Hiroshima Nagasaki
Around 7.15 am on August 6, 1945 Japanese radar detected three American aircraft flying south at high altitude. Because it was thought the planes were on reconaissance, the air raid alert was lifted. At 8.16 am, the leading B-29 bomber, named, Enola Gay, dropped Little Boy, an enriched uranium bomb, over the city of Hiroshima. Three days latter, ‘Fat Boy’, a plutonium bomb was dropped on Nagasaki. “Hiroshima-Nagasaki” is a monologue interieur set against the background of unique movie footage in the cities right after the bombs exploded.
Style & quality
Due to its age and the circumstances at which the footage was recorded the image quality is poor. Nevertheless, this documentary film is an explicit and powerful portrayal of Nuclear aftermath.
Social interest
The bombs killed as many as 140,000 people in Hiroshima and 80,000 in Nagasaki by the end of 1945, roughly half on the days of the bombings. In Hiroshima an estimated 90.000 people were killed instantly.; another 50.000 died by the end of the year. About 90% of the citys buildings were damaged or destroyed. Since then, thousands more have died from injuries or illness attributed to exposure to radiation released by the bombs. In both cities, the overwhelming majority of the dead were civilians.
Historic Interest
These are to date the only attacks with nuclear weapons in the history of warfare. In 1949 the USSR tested its first atomic bomb. Britain, France and China soon followed. Today, Israel, India, Pakistan, and North Korea have joined the nuclear club. The threat of nuclear war might have acted as a deterrent and kept the peace between the main nuclear powers. The ability to destroy the world, however, has made our planet an infinitely more dangerous place.
Political interest
The atomic bombings of Hiroshima and Nagasaki were nuclear attacks during WW II against the Empire of Japan by the United States of America at the order of U.S. President Harry S. Truman. The war against Nazi Germany had ended in May, but Germanys ally, Japan, refused to surrender even after six months of intense firebombing of 69 Japanese cities. In the US it was thought that any invasion of the Japanese mainland would result in a huge loss of both military and civilian life, as well as massive physical destruction. Truman therefore decided to use atomic bombs to force Japan to surrender. This popular thought however, is disputed in the documentary Why we fight. In it director Jarecki argues that the US government must have been aware that Japan was ready to surrender anyway. From his point of view the true reason for bombing Hiroshima and Nagasaki was to intimmidate Stalin (Soviet Communism).
Military Interest
Hiroshima was chosen because of its industrial and military significance.

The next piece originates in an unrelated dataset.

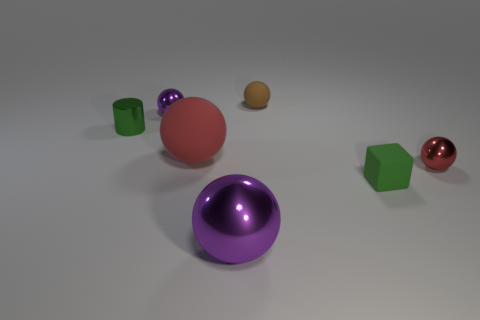There is a green object that is the same material as the brown sphere; what is its size? The green object that shares the same material as the brown sphere appears to be medium in size when compared to the other objects surrounding it. 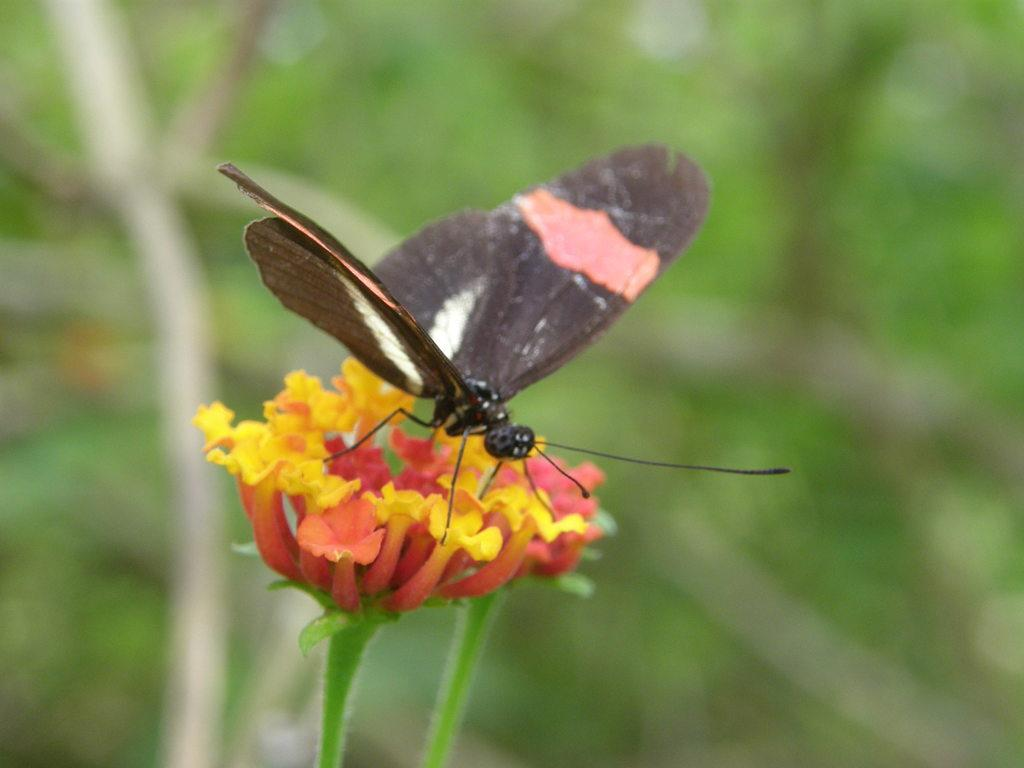How many flowers can be seen in the image? There are two flowers in the image. What other living organism is present in the image? There is a butterfly in the image. Can you describe the background of the image? The background of the image is blurry, and there might be leaves present. What type of button is being used by the army in the image? There is no button or army present in the image; it features two flowers and a butterfly. What type of fruit is hanging from the flowers in the image? There is no fruit present in the image; it only features flowers and a butterfly. 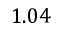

The Hiroshima bomb exploded 600 metres above the city with a blast equivalent to 13 kilotons of TNT. The physics that made this bomb possible grew out of the reailzation that the atom was not stable and indivisible but had the potential to release immense amounts of energy. In 1938, German scientists Otto Hahn and Fritz Strassman split uranium atoms by bombarding them with neutrons. The process used, known as nuclear fission, had obvious military uses and scientists in the UK and US grew concerned that Germany might use this to make bombs. On August 2, 1939, Albert Einstein and the Hungarian physicist Leo Szilard wrote to president Roosevelt urging him to take action. He set up the Uranium Committee to pursue research. After the US entered the war in December 1941, the ‘Manhattan Project, under the direction of Robert OppenheimerJ, developed a nuclear Bomb. Three devices resulted from this work:
The trinity test of a plutonium bomb detonated at Alamogordo in New Mexico, US.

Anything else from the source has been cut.